Even before Covid 19, the Malaysian economy was already sluggish following the decline in the export sector. The gross exports of goods and services contributed to about 73 percent of Malaysia’s GDP in 2015. Prices are declining sharply for palm oil, oil and gas as well as its electronics sector. The current political uncertainty will further dampen the overall confidence outlook in the country.
Hence, the first consideration for the exit strategy is to strengthen democracy in the country. Ensuring the rule of law, the cornerstone of all democratic societies, always makes good sense. Respect for fundamental human rights like free elections and an independent judiciary are non-negotiable values in any democracy. The erosion of these values in Malaysia will undermine further efforts at strengthening regime legitimacy. Reinforcing political stability and ensuring accountability at all times will continue to remain lip- service if these issues are not comprehensively addressed.
The second exit strategy is boosting the domestic economy. In the absence of foreign investment, the challenge is how to expand private consumption. While public expenditure on infrastructure projects, for example, may spur growth the trouble it will further widen the fiscal deficit, predicted at 3.2 percent of GDP in 2020 budget by the previous government.
Maintaining fiscal discipline in dire economic situation is key to recovery. Nonetheless, like many other nations, finding the right balance between saving life and saving the economy in Malaysia will be a constant challenge.
The third exit strategy is to develop new strategies to enforce social stability in a multi-racial society where income inequality within the community and across the community is widening since 2008 according to a 2018 study by Khazanah Research Institute. The concentration of wealth among a few families is scandalous. According to the United Nations Development Program, the top 40 richest Malaysians owned 22.4 percent of GDP in 2012, almost 7 percent higher than in 2006. The skewed income concentration will pose a big challenge to the 2030 Shared Prosperity Vision proposed by the previous Pakatan Harapan government.
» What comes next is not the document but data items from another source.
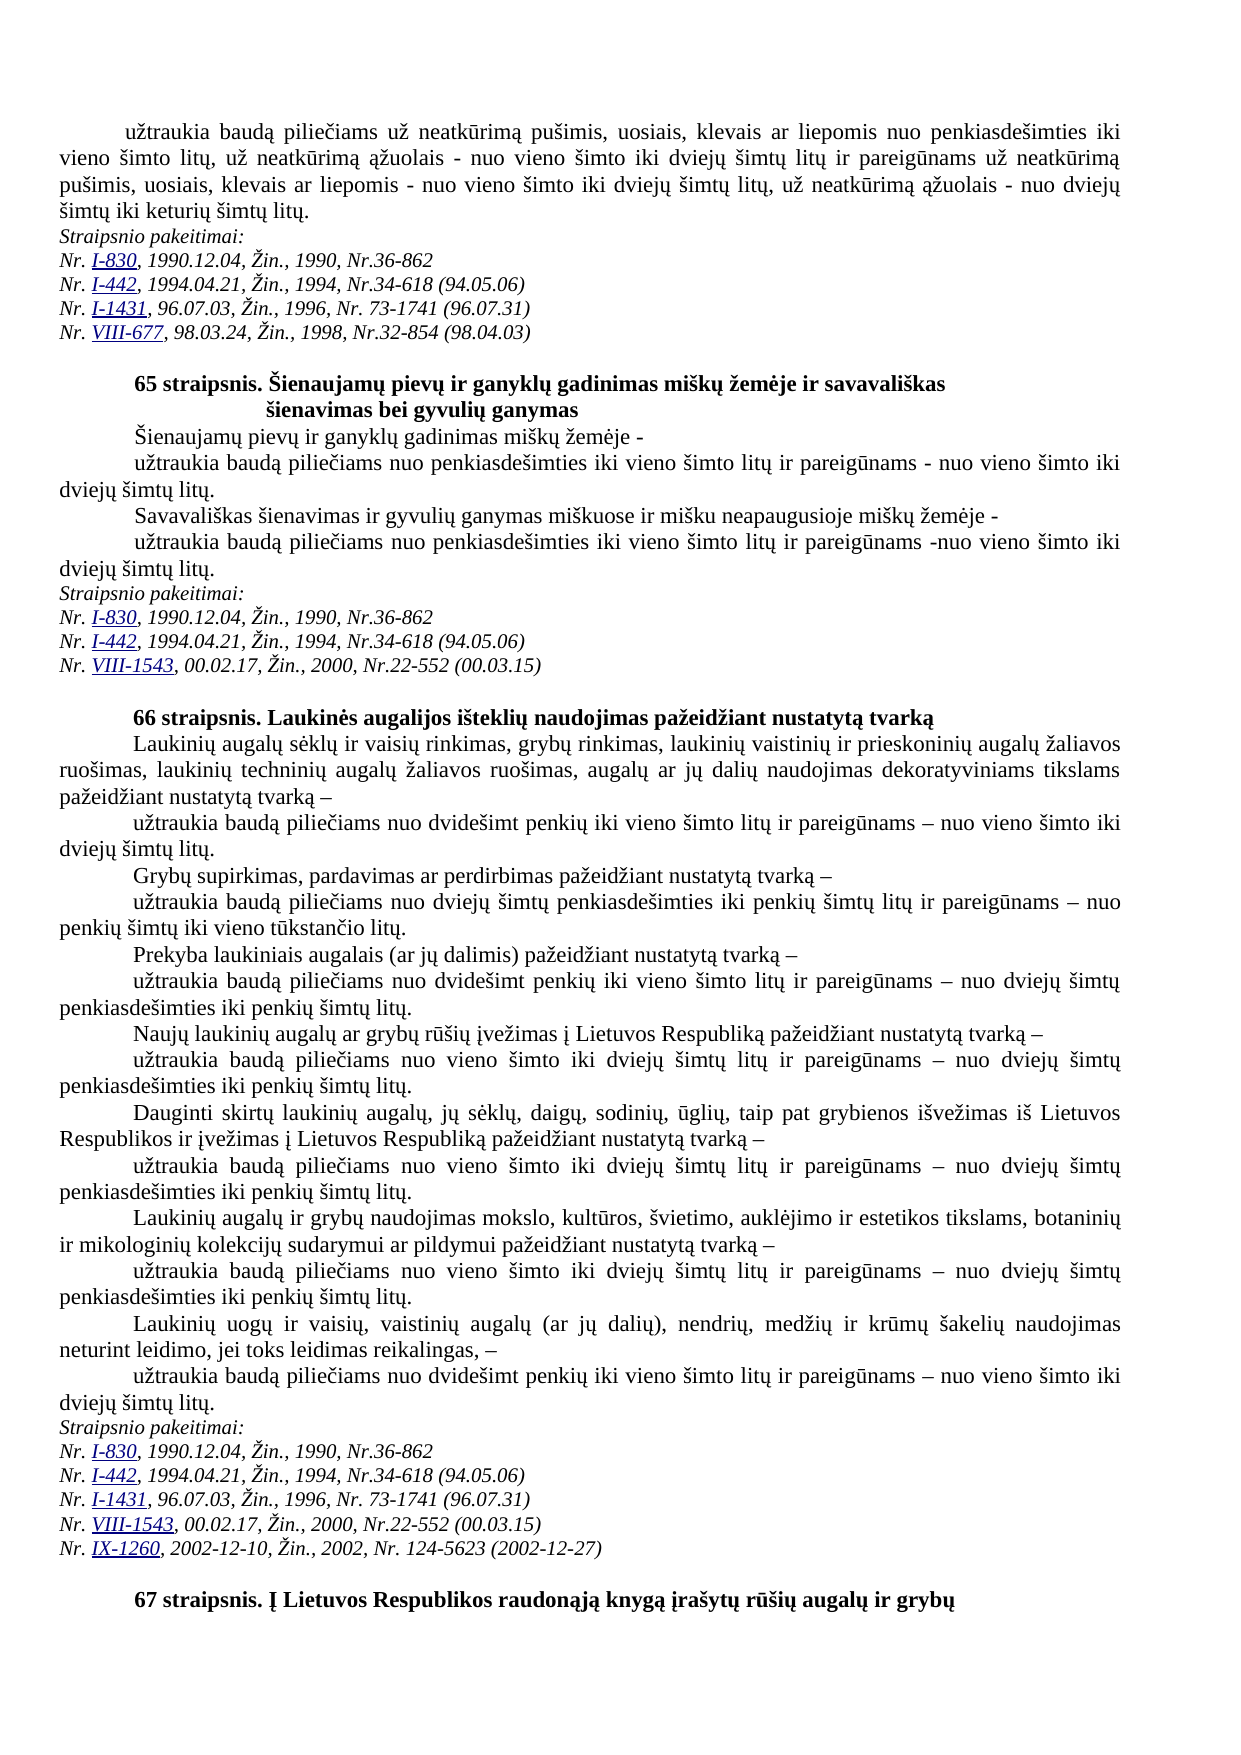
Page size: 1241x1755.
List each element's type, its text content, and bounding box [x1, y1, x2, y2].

text Naujų laukinių augalų ar grybų rūšių įvežimas į Lietuvos Respubliką pažeidžiant nustatytą tvarką – [59, 1020, 1122, 1046]
text užtraukia baudą piliečiams nuo dviejų šimtų penkiasdešimties iki penkių šimtų litų ir pareigūnams – nuo penkių šimtų iki vieno tūkstančio litų. [59, 888, 1122, 941]
text Laukinių augalų ir grybų naudojimas mokslo, kultūros, švietimo, auklėjimo ir estetikos tikslams, botaninių ir mikologinių kolekcijų sudarymui ar pildymui pažeidžiant nustatytą tvarką – [59, 1204, 1122, 1257]
text Nr. I-442, 1994.04.21, Žin., 1994, Nr.34-618 (94.05.06) [59, 629, 1122, 653]
text užtraukia baudą piliečiams nuo vieno šimto iki dviejų šimtų litų ir pareigūnams – nuo dviejų šimtų penkiasdešimties iki penkių šimtų litų. [59, 1152, 1122, 1204]
text 65 straipsnis. Šienaujamų pievų ir ganyklų gadinimas miškų žemėje ir savavališkas [134, 370, 1122, 397]
text užtraukia baudą piliečiams nuo dvidešimt penkių iki vieno šimto litų ir pareigūnams – nuo vieno šimto iki dviejų šimtų litų. [59, 1362, 1122, 1415]
text Prekyba laukiniais augalais (ar jų dalimis) pažeidžiant nustatytą tvarką – [59, 941, 1122, 967]
text Laukinių uogų ir vaisių, vaistinių augalų (ar jų dalių), nendrių, medžių ir krūmų šakelių naudojimas neturint leidimo, jei toks leidimas reikalingas, – [59, 1310, 1122, 1362]
text užtraukia baudą piliečiams nuo vieno šimto iki dviejų šimtų litų ir pareigūnams – nuo dviejų šimtų penkiasdešimties iki penkių šimtų litų. [59, 1257, 1122, 1310]
text Nr. I-830, 1990.12.04, Žin., 1990, Nr.36-862 [59, 1439, 1122, 1463]
text Nr. I-442, 1994.04.21, Žin., 1994, Nr.34-618 (94.05.06) [59, 1463, 1122, 1487]
text Nr. I-830, 1990.12.04, Žin., 1990, Nr.36-862 [59, 248, 1122, 272]
text užtraukia baudą piliečiams už neatkūrimą pušimis, uosiais, klevais ar liepomis nuo penkiasdešimties iki vieno šimto litų, už neatkūrimą ąžuolais - nuo vieno šimto iki dviejų šimtų litų ir pareigūnams už neatkūrimą pušimis, uosiais, klevais ar liepomis - nuo vieno šimto iki dviejų šimtų litų, už neatkūrimą ąžuolais - nuo dviejų šimtų iki keturių šimtų litų. [59, 118, 1122, 223]
text Nr. VIII-1543, 00.02.17, Žin., 2000, Nr.22-552 (00.03.15) [59, 653, 1122, 677]
text 67 straipsnis. Į Lietuvos Respublikos raudonąją knygą įrašytų rūšių augalų ir grybų [134, 1586, 1122, 1612]
text Šienaujamų pievų ir ganyklų gadinimas miškų žemėje - [59, 423, 1122, 449]
text užtraukia baudą piliečiams nuo dvidešimt penkių iki vieno šimto litų ir pareigūnams – nuo vieno šimto iki dviejų šimtų litų. [59, 809, 1122, 862]
text Grybų supirkimas, pardavimas ar perdirbimas pažeidžiant nustatytą tvarką – [59, 862, 1122, 888]
text užtraukia baudą piliečiams nuo dvidešimt penkių iki vieno šimto litų ir pareigūnams – nuo dviejų šimtų penkiasdešimties iki penkių šimtų litų. [59, 967, 1122, 1020]
text Nr. VIII-1543, 00.02.17, Žin., 2000, Nr.22-552 (00.03.15) [59, 1511, 1122, 1536]
text Laukinių augalų sėklų ir vaisių rinkimas, grybų rinkimas, laukinių vaistinių ir prieskoninių augalų žaliavos ruošimas, laukinių techninių augalų žaliavos ruošimas, augalų ar jų dalių naudojimas dekoratyviniams tikslams pažeidžiant nustatytą tvarką – [59, 730, 1122, 809]
text Straipsnio pakeitimai: [59, 1415, 1122, 1439]
text užtraukia baudą piliečiams nuo penkiasdešimties iki vieno šimto litų ir pareigūnams -nuo vieno šimto iki dviejų šimtų litų. [59, 528, 1122, 581]
text Nr. I-830, 1990.12.04, Žin., 1990, Nr.36-862 [59, 605, 1122, 629]
text Nr. I-442, 1994.04.21, Žin., 1994, Nr.34-618 (94.05.06) [59, 272, 1122, 296]
text Nr. VIII-677, 98.03.24, Žin., 1998, Nr.32-854 (98.04.03) [59, 320, 1122, 344]
text 66 straipsnis. Laukinės augalijos išteklių naudojimas pažeidžiant nustatytą tvarką [59, 704, 1122, 730]
text Dauginti skirtų laukinių augalų, jų sėklų, daigų, sodinių, ūglių, taip pat grybienos išvežimas iš Lietuvos Respublikos ir įvežimas į Lietuvos Respubliką pažeidžiant nustatytą tvarką – [59, 1099, 1122, 1152]
text šienavimas bei gyvulių ganymas [266, 397, 1122, 423]
text užtraukia baudą piliečiams nuo penkiasdešimties iki vieno šimto litų ir pareigūnams - nuo vieno šimto iki dviejų šimtų litų. [59, 449, 1122, 502]
text Nr. I-1431, 96.07.03, Žin., 1996, Nr. 73-1741 (96.07.31) [59, 296, 1122, 320]
text Straipsnio pakeitimai: [59, 223, 1122, 248]
text Nr. I-1431, 96.07.03, Žin., 1996, Nr. 73-1741 (96.07.31) [59, 1487, 1122, 1511]
text užtraukia baudą piliečiams nuo vieno šimto iki dviejų šimtų litų ir pareigūnams – nuo dviejų šimtų penkiasdešimties iki penkių šimtų litų. [59, 1046, 1122, 1099]
text Straipsnio pakeitimai: [59, 581, 1122, 605]
text Savavališkas šienavimas ir gyvulių ganymas miškuose ir mišku neapaugusioje miškų žemėje - [59, 502, 1122, 528]
text Nr. IX-1260, 2002-12-10, Žin., 2002, Nr. 124-5623 (2002-12-27) [59, 1536, 1122, 1559]

Leakages from the economy are exceptionally large, most notably through corruption as exemplified in the I MBD saga, which cost the taxpayers US $4.6 billion from corruption and mismanagement, and fund repatriation from over six million foreign workers (documented and undocumented). Foreigners have dumped shares on the stock market, estimated to be around MYR9 billion in 2019. This will further bleed the economy and undermine business confidence.
Finally, the bottom-line to the above reform recovery plans lies on a key pivot: the education system, which Asia Sentinel has labeled as “messy”. Malaysia needs to revamp and fix the education system to be at par with the best in the world. Since Malaysia introduced Malay as the medium of instruction to replace English in 1969, the scholarship and quality of education have never recovered.
In hindsight, had Malaysia retained English as the medium of instruction in schools and put more emphasis on the teaching of science, mathematics, engineering and technology as its Singapore neighbor, public universities would retain high global ranking and more importantly, the nation would retain the much needed human capital to develop the nation and reverse the ongoing brain drain.
B A Hamzah is a keen student of geopolitics.